> _Your task_
In the listing below, find the line containing "Offer a very short reply. 9.99." and the line containing "Offer a terse response. 69.35.". Repeat exactly those two lines and every line between them.

> _Given information_
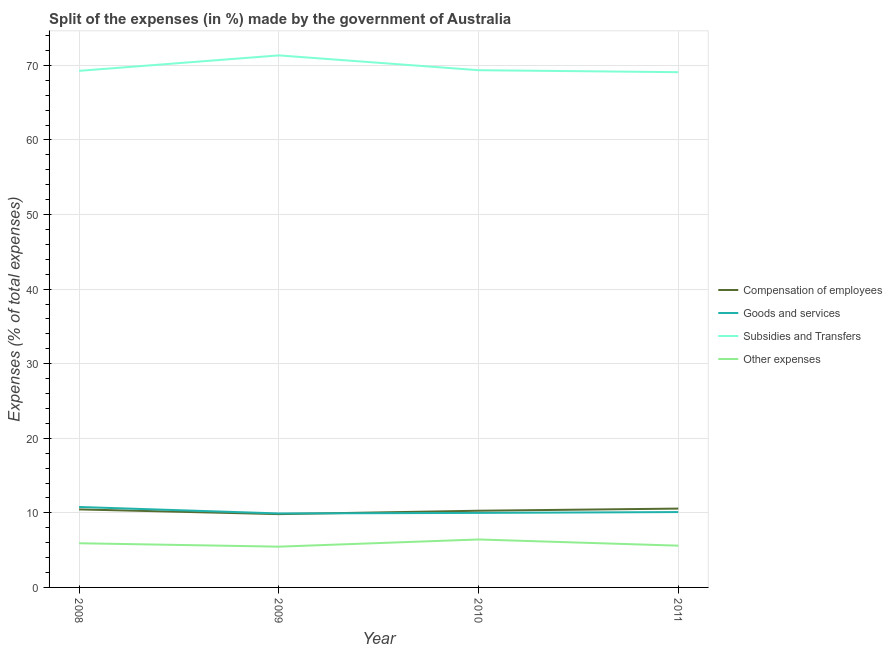How many different coloured lines are there?
Offer a very short reply. 4. Does the line corresponding to percentage of amount spent on other expenses intersect with the line corresponding to percentage of amount spent on goods and services?
Your answer should be compact. No. Is the number of lines equal to the number of legend labels?
Provide a short and direct response. Yes. What is the percentage of amount spent on compensation of employees in 2011?
Your answer should be compact. 10.57. Across all years, what is the maximum percentage of amount spent on other expenses?
Your answer should be very brief. 6.43. Across all years, what is the minimum percentage of amount spent on compensation of employees?
Your answer should be very brief. 9.83. In which year was the percentage of amount spent on other expenses minimum?
Provide a succinct answer. 2009. What is the total percentage of amount spent on compensation of employees in the graph?
Ensure brevity in your answer.  41.14. What is the difference between the percentage of amount spent on goods and services in 2008 and that in 2009?
Your answer should be compact. 0.87. What is the difference between the percentage of amount spent on other expenses in 2011 and the percentage of amount spent on goods and services in 2008?
Offer a terse response. -5.19. What is the average percentage of amount spent on subsidies per year?
Keep it short and to the point. 69.76. In the year 2011, what is the difference between the percentage of amount spent on subsidies and percentage of amount spent on goods and services?
Your answer should be very brief. 58.98. In how many years, is the percentage of amount spent on goods and services greater than 22 %?
Your answer should be very brief. 0. What is the ratio of the percentage of amount spent on compensation of employees in 2009 to that in 2011?
Your answer should be compact. 0.93. Is the difference between the percentage of amount spent on compensation of employees in 2008 and 2011 greater than the difference between the percentage of amount spent on goods and services in 2008 and 2011?
Your answer should be compact. No. What is the difference between the highest and the second highest percentage of amount spent on compensation of employees?
Provide a short and direct response. 0.11. What is the difference between the highest and the lowest percentage of amount spent on goods and services?
Give a very brief answer. 0.87. In how many years, is the percentage of amount spent on other expenses greater than the average percentage of amount spent on other expenses taken over all years?
Keep it short and to the point. 2. Is it the case that in every year, the sum of the percentage of amount spent on compensation of employees and percentage of amount spent on subsidies is greater than the sum of percentage of amount spent on goods and services and percentage of amount spent on other expenses?
Your answer should be very brief. Yes. Is it the case that in every year, the sum of the percentage of amount spent on compensation of employees and percentage of amount spent on goods and services is greater than the percentage of amount spent on subsidies?
Provide a short and direct response. No. Does the percentage of amount spent on compensation of employees monotonically increase over the years?
Ensure brevity in your answer.  No. Is the percentage of amount spent on compensation of employees strictly less than the percentage of amount spent on other expenses over the years?
Keep it short and to the point. No. What is the difference between two consecutive major ticks on the Y-axis?
Your answer should be compact. 10. Does the graph contain any zero values?
Provide a short and direct response. No. Does the graph contain grids?
Provide a short and direct response. Yes. How many legend labels are there?
Make the answer very short. 4. What is the title of the graph?
Your answer should be compact. Split of the expenses (in %) made by the government of Australia. Does "Sweden" appear as one of the legend labels in the graph?
Your response must be concise. No. What is the label or title of the Y-axis?
Offer a terse response. Expenses (% of total expenses). What is the Expenses (% of total expenses) of Compensation of employees in 2008?
Provide a short and direct response. 10.46. What is the Expenses (% of total expenses) in Goods and services in 2008?
Offer a very short reply. 10.79. What is the Expenses (% of total expenses) in Subsidies and Transfers in 2008?
Your response must be concise. 69.27. What is the Expenses (% of total expenses) in Other expenses in 2008?
Make the answer very short. 5.92. What is the Expenses (% of total expenses) of Compensation of employees in 2009?
Offer a terse response. 9.83. What is the Expenses (% of total expenses) of Goods and services in 2009?
Offer a terse response. 9.92. What is the Expenses (% of total expenses) in Subsidies and Transfers in 2009?
Ensure brevity in your answer.  71.34. What is the Expenses (% of total expenses) in Other expenses in 2009?
Your answer should be very brief. 5.47. What is the Expenses (% of total expenses) in Compensation of employees in 2010?
Your response must be concise. 10.28. What is the Expenses (% of total expenses) in Goods and services in 2010?
Offer a very short reply. 9.99. What is the Expenses (% of total expenses) in Subsidies and Transfers in 2010?
Offer a terse response. 69.35. What is the Expenses (% of total expenses) of Other expenses in 2010?
Provide a succinct answer. 6.43. What is the Expenses (% of total expenses) in Compensation of employees in 2011?
Offer a terse response. 10.57. What is the Expenses (% of total expenses) in Goods and services in 2011?
Your answer should be very brief. 10.11. What is the Expenses (% of total expenses) of Subsidies and Transfers in 2011?
Your response must be concise. 69.09. What is the Expenses (% of total expenses) of Other expenses in 2011?
Your answer should be compact. 5.6. Across all years, what is the maximum Expenses (% of total expenses) of Compensation of employees?
Offer a terse response. 10.57. Across all years, what is the maximum Expenses (% of total expenses) of Goods and services?
Give a very brief answer. 10.79. Across all years, what is the maximum Expenses (% of total expenses) of Subsidies and Transfers?
Offer a very short reply. 71.34. Across all years, what is the maximum Expenses (% of total expenses) of Other expenses?
Keep it short and to the point. 6.43. Across all years, what is the minimum Expenses (% of total expenses) of Compensation of employees?
Offer a terse response. 9.83. Across all years, what is the minimum Expenses (% of total expenses) of Goods and services?
Your answer should be compact. 9.92. Across all years, what is the minimum Expenses (% of total expenses) of Subsidies and Transfers?
Provide a succinct answer. 69.09. Across all years, what is the minimum Expenses (% of total expenses) in Other expenses?
Offer a terse response. 5.47. What is the total Expenses (% of total expenses) of Compensation of employees in the graph?
Offer a very short reply. 41.14. What is the total Expenses (% of total expenses) in Goods and services in the graph?
Your answer should be very brief. 40.8. What is the total Expenses (% of total expenses) of Subsidies and Transfers in the graph?
Ensure brevity in your answer.  279.05. What is the total Expenses (% of total expenses) in Other expenses in the graph?
Your answer should be compact. 23.42. What is the difference between the Expenses (% of total expenses) of Compensation of employees in 2008 and that in 2009?
Provide a succinct answer. 0.63. What is the difference between the Expenses (% of total expenses) of Goods and services in 2008 and that in 2009?
Offer a terse response. 0.87. What is the difference between the Expenses (% of total expenses) of Subsidies and Transfers in 2008 and that in 2009?
Offer a terse response. -2.07. What is the difference between the Expenses (% of total expenses) of Other expenses in 2008 and that in 2009?
Your answer should be very brief. 0.46. What is the difference between the Expenses (% of total expenses) in Compensation of employees in 2008 and that in 2010?
Ensure brevity in your answer.  0.18. What is the difference between the Expenses (% of total expenses) of Goods and services in 2008 and that in 2010?
Keep it short and to the point. 0.79. What is the difference between the Expenses (% of total expenses) of Subsidies and Transfers in 2008 and that in 2010?
Offer a terse response. -0.09. What is the difference between the Expenses (% of total expenses) of Other expenses in 2008 and that in 2010?
Offer a very short reply. -0.51. What is the difference between the Expenses (% of total expenses) of Compensation of employees in 2008 and that in 2011?
Provide a succinct answer. -0.11. What is the difference between the Expenses (% of total expenses) of Goods and services in 2008 and that in 2011?
Ensure brevity in your answer.  0.68. What is the difference between the Expenses (% of total expenses) in Subsidies and Transfers in 2008 and that in 2011?
Give a very brief answer. 0.18. What is the difference between the Expenses (% of total expenses) in Other expenses in 2008 and that in 2011?
Offer a terse response. 0.33. What is the difference between the Expenses (% of total expenses) in Compensation of employees in 2009 and that in 2010?
Your answer should be very brief. -0.45. What is the difference between the Expenses (% of total expenses) in Goods and services in 2009 and that in 2010?
Offer a terse response. -0.07. What is the difference between the Expenses (% of total expenses) in Subsidies and Transfers in 2009 and that in 2010?
Your answer should be very brief. 1.99. What is the difference between the Expenses (% of total expenses) in Other expenses in 2009 and that in 2010?
Ensure brevity in your answer.  -0.96. What is the difference between the Expenses (% of total expenses) of Compensation of employees in 2009 and that in 2011?
Your answer should be very brief. -0.74. What is the difference between the Expenses (% of total expenses) of Goods and services in 2009 and that in 2011?
Provide a short and direct response. -0.19. What is the difference between the Expenses (% of total expenses) of Subsidies and Transfers in 2009 and that in 2011?
Ensure brevity in your answer.  2.25. What is the difference between the Expenses (% of total expenses) of Other expenses in 2009 and that in 2011?
Ensure brevity in your answer.  -0.13. What is the difference between the Expenses (% of total expenses) of Compensation of employees in 2010 and that in 2011?
Provide a short and direct response. -0.29. What is the difference between the Expenses (% of total expenses) in Goods and services in 2010 and that in 2011?
Your response must be concise. -0.11. What is the difference between the Expenses (% of total expenses) of Subsidies and Transfers in 2010 and that in 2011?
Provide a succinct answer. 0.27. What is the difference between the Expenses (% of total expenses) of Other expenses in 2010 and that in 2011?
Give a very brief answer. 0.83. What is the difference between the Expenses (% of total expenses) of Compensation of employees in 2008 and the Expenses (% of total expenses) of Goods and services in 2009?
Your answer should be compact. 0.54. What is the difference between the Expenses (% of total expenses) of Compensation of employees in 2008 and the Expenses (% of total expenses) of Subsidies and Transfers in 2009?
Your answer should be very brief. -60.88. What is the difference between the Expenses (% of total expenses) in Compensation of employees in 2008 and the Expenses (% of total expenses) in Other expenses in 2009?
Provide a succinct answer. 4.99. What is the difference between the Expenses (% of total expenses) in Goods and services in 2008 and the Expenses (% of total expenses) in Subsidies and Transfers in 2009?
Ensure brevity in your answer.  -60.55. What is the difference between the Expenses (% of total expenses) in Goods and services in 2008 and the Expenses (% of total expenses) in Other expenses in 2009?
Offer a very short reply. 5.32. What is the difference between the Expenses (% of total expenses) of Subsidies and Transfers in 2008 and the Expenses (% of total expenses) of Other expenses in 2009?
Your response must be concise. 63.8. What is the difference between the Expenses (% of total expenses) in Compensation of employees in 2008 and the Expenses (% of total expenses) in Goods and services in 2010?
Provide a short and direct response. 0.47. What is the difference between the Expenses (% of total expenses) in Compensation of employees in 2008 and the Expenses (% of total expenses) in Subsidies and Transfers in 2010?
Your answer should be very brief. -58.89. What is the difference between the Expenses (% of total expenses) in Compensation of employees in 2008 and the Expenses (% of total expenses) in Other expenses in 2010?
Ensure brevity in your answer.  4.03. What is the difference between the Expenses (% of total expenses) in Goods and services in 2008 and the Expenses (% of total expenses) in Subsidies and Transfers in 2010?
Provide a short and direct response. -58.57. What is the difference between the Expenses (% of total expenses) in Goods and services in 2008 and the Expenses (% of total expenses) in Other expenses in 2010?
Keep it short and to the point. 4.36. What is the difference between the Expenses (% of total expenses) in Subsidies and Transfers in 2008 and the Expenses (% of total expenses) in Other expenses in 2010?
Give a very brief answer. 62.84. What is the difference between the Expenses (% of total expenses) in Compensation of employees in 2008 and the Expenses (% of total expenses) in Goods and services in 2011?
Provide a short and direct response. 0.36. What is the difference between the Expenses (% of total expenses) in Compensation of employees in 2008 and the Expenses (% of total expenses) in Subsidies and Transfers in 2011?
Give a very brief answer. -58.63. What is the difference between the Expenses (% of total expenses) in Compensation of employees in 2008 and the Expenses (% of total expenses) in Other expenses in 2011?
Ensure brevity in your answer.  4.86. What is the difference between the Expenses (% of total expenses) of Goods and services in 2008 and the Expenses (% of total expenses) of Subsidies and Transfers in 2011?
Keep it short and to the point. -58.3. What is the difference between the Expenses (% of total expenses) in Goods and services in 2008 and the Expenses (% of total expenses) in Other expenses in 2011?
Your answer should be compact. 5.19. What is the difference between the Expenses (% of total expenses) in Subsidies and Transfers in 2008 and the Expenses (% of total expenses) in Other expenses in 2011?
Your answer should be very brief. 63.67. What is the difference between the Expenses (% of total expenses) of Compensation of employees in 2009 and the Expenses (% of total expenses) of Goods and services in 2010?
Provide a succinct answer. -0.17. What is the difference between the Expenses (% of total expenses) in Compensation of employees in 2009 and the Expenses (% of total expenses) in Subsidies and Transfers in 2010?
Give a very brief answer. -59.53. What is the difference between the Expenses (% of total expenses) of Compensation of employees in 2009 and the Expenses (% of total expenses) of Other expenses in 2010?
Make the answer very short. 3.4. What is the difference between the Expenses (% of total expenses) in Goods and services in 2009 and the Expenses (% of total expenses) in Subsidies and Transfers in 2010?
Your response must be concise. -59.43. What is the difference between the Expenses (% of total expenses) of Goods and services in 2009 and the Expenses (% of total expenses) of Other expenses in 2010?
Provide a succinct answer. 3.49. What is the difference between the Expenses (% of total expenses) in Subsidies and Transfers in 2009 and the Expenses (% of total expenses) in Other expenses in 2010?
Ensure brevity in your answer.  64.91. What is the difference between the Expenses (% of total expenses) in Compensation of employees in 2009 and the Expenses (% of total expenses) in Goods and services in 2011?
Your answer should be very brief. -0.28. What is the difference between the Expenses (% of total expenses) in Compensation of employees in 2009 and the Expenses (% of total expenses) in Subsidies and Transfers in 2011?
Your answer should be very brief. -59.26. What is the difference between the Expenses (% of total expenses) of Compensation of employees in 2009 and the Expenses (% of total expenses) of Other expenses in 2011?
Your answer should be compact. 4.23. What is the difference between the Expenses (% of total expenses) of Goods and services in 2009 and the Expenses (% of total expenses) of Subsidies and Transfers in 2011?
Your response must be concise. -59.17. What is the difference between the Expenses (% of total expenses) of Goods and services in 2009 and the Expenses (% of total expenses) of Other expenses in 2011?
Ensure brevity in your answer.  4.32. What is the difference between the Expenses (% of total expenses) in Subsidies and Transfers in 2009 and the Expenses (% of total expenses) in Other expenses in 2011?
Provide a short and direct response. 65.74. What is the difference between the Expenses (% of total expenses) in Compensation of employees in 2010 and the Expenses (% of total expenses) in Goods and services in 2011?
Offer a terse response. 0.18. What is the difference between the Expenses (% of total expenses) of Compensation of employees in 2010 and the Expenses (% of total expenses) of Subsidies and Transfers in 2011?
Keep it short and to the point. -58.81. What is the difference between the Expenses (% of total expenses) of Compensation of employees in 2010 and the Expenses (% of total expenses) of Other expenses in 2011?
Offer a very short reply. 4.68. What is the difference between the Expenses (% of total expenses) of Goods and services in 2010 and the Expenses (% of total expenses) of Subsidies and Transfers in 2011?
Ensure brevity in your answer.  -59.1. What is the difference between the Expenses (% of total expenses) in Goods and services in 2010 and the Expenses (% of total expenses) in Other expenses in 2011?
Give a very brief answer. 4.39. What is the difference between the Expenses (% of total expenses) in Subsidies and Transfers in 2010 and the Expenses (% of total expenses) in Other expenses in 2011?
Keep it short and to the point. 63.76. What is the average Expenses (% of total expenses) of Compensation of employees per year?
Your answer should be very brief. 10.29. What is the average Expenses (% of total expenses) in Goods and services per year?
Provide a short and direct response. 10.2. What is the average Expenses (% of total expenses) in Subsidies and Transfers per year?
Make the answer very short. 69.76. What is the average Expenses (% of total expenses) of Other expenses per year?
Ensure brevity in your answer.  5.85. In the year 2008, what is the difference between the Expenses (% of total expenses) of Compensation of employees and Expenses (% of total expenses) of Goods and services?
Provide a succinct answer. -0.33. In the year 2008, what is the difference between the Expenses (% of total expenses) of Compensation of employees and Expenses (% of total expenses) of Subsidies and Transfers?
Provide a short and direct response. -58.81. In the year 2008, what is the difference between the Expenses (% of total expenses) in Compensation of employees and Expenses (% of total expenses) in Other expenses?
Give a very brief answer. 4.54. In the year 2008, what is the difference between the Expenses (% of total expenses) in Goods and services and Expenses (% of total expenses) in Subsidies and Transfers?
Offer a very short reply. -58.48. In the year 2008, what is the difference between the Expenses (% of total expenses) of Goods and services and Expenses (% of total expenses) of Other expenses?
Your response must be concise. 4.86. In the year 2008, what is the difference between the Expenses (% of total expenses) in Subsidies and Transfers and Expenses (% of total expenses) in Other expenses?
Offer a terse response. 63.34. In the year 2009, what is the difference between the Expenses (% of total expenses) in Compensation of employees and Expenses (% of total expenses) in Goods and services?
Give a very brief answer. -0.09. In the year 2009, what is the difference between the Expenses (% of total expenses) of Compensation of employees and Expenses (% of total expenses) of Subsidies and Transfers?
Make the answer very short. -61.51. In the year 2009, what is the difference between the Expenses (% of total expenses) in Compensation of employees and Expenses (% of total expenses) in Other expenses?
Give a very brief answer. 4.36. In the year 2009, what is the difference between the Expenses (% of total expenses) of Goods and services and Expenses (% of total expenses) of Subsidies and Transfers?
Offer a very short reply. -61.42. In the year 2009, what is the difference between the Expenses (% of total expenses) of Goods and services and Expenses (% of total expenses) of Other expenses?
Ensure brevity in your answer.  4.45. In the year 2009, what is the difference between the Expenses (% of total expenses) of Subsidies and Transfers and Expenses (% of total expenses) of Other expenses?
Keep it short and to the point. 65.87. In the year 2010, what is the difference between the Expenses (% of total expenses) of Compensation of employees and Expenses (% of total expenses) of Goods and services?
Your response must be concise. 0.29. In the year 2010, what is the difference between the Expenses (% of total expenses) of Compensation of employees and Expenses (% of total expenses) of Subsidies and Transfers?
Ensure brevity in your answer.  -59.07. In the year 2010, what is the difference between the Expenses (% of total expenses) in Compensation of employees and Expenses (% of total expenses) in Other expenses?
Your response must be concise. 3.85. In the year 2010, what is the difference between the Expenses (% of total expenses) in Goods and services and Expenses (% of total expenses) in Subsidies and Transfers?
Ensure brevity in your answer.  -59.36. In the year 2010, what is the difference between the Expenses (% of total expenses) of Goods and services and Expenses (% of total expenses) of Other expenses?
Give a very brief answer. 3.56. In the year 2010, what is the difference between the Expenses (% of total expenses) in Subsidies and Transfers and Expenses (% of total expenses) in Other expenses?
Offer a terse response. 62.92. In the year 2011, what is the difference between the Expenses (% of total expenses) in Compensation of employees and Expenses (% of total expenses) in Goods and services?
Keep it short and to the point. 0.46. In the year 2011, what is the difference between the Expenses (% of total expenses) of Compensation of employees and Expenses (% of total expenses) of Subsidies and Transfers?
Offer a terse response. -58.52. In the year 2011, what is the difference between the Expenses (% of total expenses) in Compensation of employees and Expenses (% of total expenses) in Other expenses?
Make the answer very short. 4.97. In the year 2011, what is the difference between the Expenses (% of total expenses) of Goods and services and Expenses (% of total expenses) of Subsidies and Transfers?
Your answer should be compact. -58.98. In the year 2011, what is the difference between the Expenses (% of total expenses) of Goods and services and Expenses (% of total expenses) of Other expenses?
Make the answer very short. 4.51. In the year 2011, what is the difference between the Expenses (% of total expenses) of Subsidies and Transfers and Expenses (% of total expenses) of Other expenses?
Make the answer very short. 63.49. What is the ratio of the Expenses (% of total expenses) of Compensation of employees in 2008 to that in 2009?
Offer a terse response. 1.06. What is the ratio of the Expenses (% of total expenses) in Goods and services in 2008 to that in 2009?
Give a very brief answer. 1.09. What is the ratio of the Expenses (% of total expenses) in Subsidies and Transfers in 2008 to that in 2009?
Your answer should be very brief. 0.97. What is the ratio of the Expenses (% of total expenses) of Other expenses in 2008 to that in 2009?
Provide a succinct answer. 1.08. What is the ratio of the Expenses (% of total expenses) of Compensation of employees in 2008 to that in 2010?
Your answer should be very brief. 1.02. What is the ratio of the Expenses (% of total expenses) in Goods and services in 2008 to that in 2010?
Your answer should be compact. 1.08. What is the ratio of the Expenses (% of total expenses) of Subsidies and Transfers in 2008 to that in 2010?
Provide a short and direct response. 1. What is the ratio of the Expenses (% of total expenses) in Other expenses in 2008 to that in 2010?
Provide a succinct answer. 0.92. What is the ratio of the Expenses (% of total expenses) in Goods and services in 2008 to that in 2011?
Offer a very short reply. 1.07. What is the ratio of the Expenses (% of total expenses) of Subsidies and Transfers in 2008 to that in 2011?
Provide a succinct answer. 1. What is the ratio of the Expenses (% of total expenses) in Other expenses in 2008 to that in 2011?
Offer a very short reply. 1.06. What is the ratio of the Expenses (% of total expenses) in Compensation of employees in 2009 to that in 2010?
Make the answer very short. 0.96. What is the ratio of the Expenses (% of total expenses) in Goods and services in 2009 to that in 2010?
Make the answer very short. 0.99. What is the ratio of the Expenses (% of total expenses) in Subsidies and Transfers in 2009 to that in 2010?
Your response must be concise. 1.03. What is the ratio of the Expenses (% of total expenses) of Other expenses in 2009 to that in 2010?
Offer a terse response. 0.85. What is the ratio of the Expenses (% of total expenses) in Compensation of employees in 2009 to that in 2011?
Make the answer very short. 0.93. What is the ratio of the Expenses (% of total expenses) in Goods and services in 2009 to that in 2011?
Provide a succinct answer. 0.98. What is the ratio of the Expenses (% of total expenses) of Subsidies and Transfers in 2009 to that in 2011?
Ensure brevity in your answer.  1.03. What is the ratio of the Expenses (% of total expenses) in Other expenses in 2009 to that in 2011?
Offer a terse response. 0.98. What is the ratio of the Expenses (% of total expenses) in Compensation of employees in 2010 to that in 2011?
Keep it short and to the point. 0.97. What is the ratio of the Expenses (% of total expenses) of Goods and services in 2010 to that in 2011?
Offer a terse response. 0.99. What is the ratio of the Expenses (% of total expenses) in Other expenses in 2010 to that in 2011?
Your response must be concise. 1.15. What is the difference between the highest and the second highest Expenses (% of total expenses) of Compensation of employees?
Make the answer very short. 0.11. What is the difference between the highest and the second highest Expenses (% of total expenses) of Goods and services?
Provide a short and direct response. 0.68. What is the difference between the highest and the second highest Expenses (% of total expenses) in Subsidies and Transfers?
Offer a terse response. 1.99. What is the difference between the highest and the second highest Expenses (% of total expenses) of Other expenses?
Provide a short and direct response. 0.51. What is the difference between the highest and the lowest Expenses (% of total expenses) of Compensation of employees?
Provide a succinct answer. 0.74. What is the difference between the highest and the lowest Expenses (% of total expenses) of Goods and services?
Offer a very short reply. 0.87. What is the difference between the highest and the lowest Expenses (% of total expenses) of Subsidies and Transfers?
Provide a succinct answer. 2.25. What is the difference between the highest and the lowest Expenses (% of total expenses) in Other expenses?
Give a very brief answer. 0.96.

> _Answer to the problem_
Offer a very short reply. 9.99. What is the Expenses (% of total expenses) in Subsidies and Transfers in 2010?
Offer a terse response. 69.35. What is the Expenses (% of total expenses) of Other expenses in 2010?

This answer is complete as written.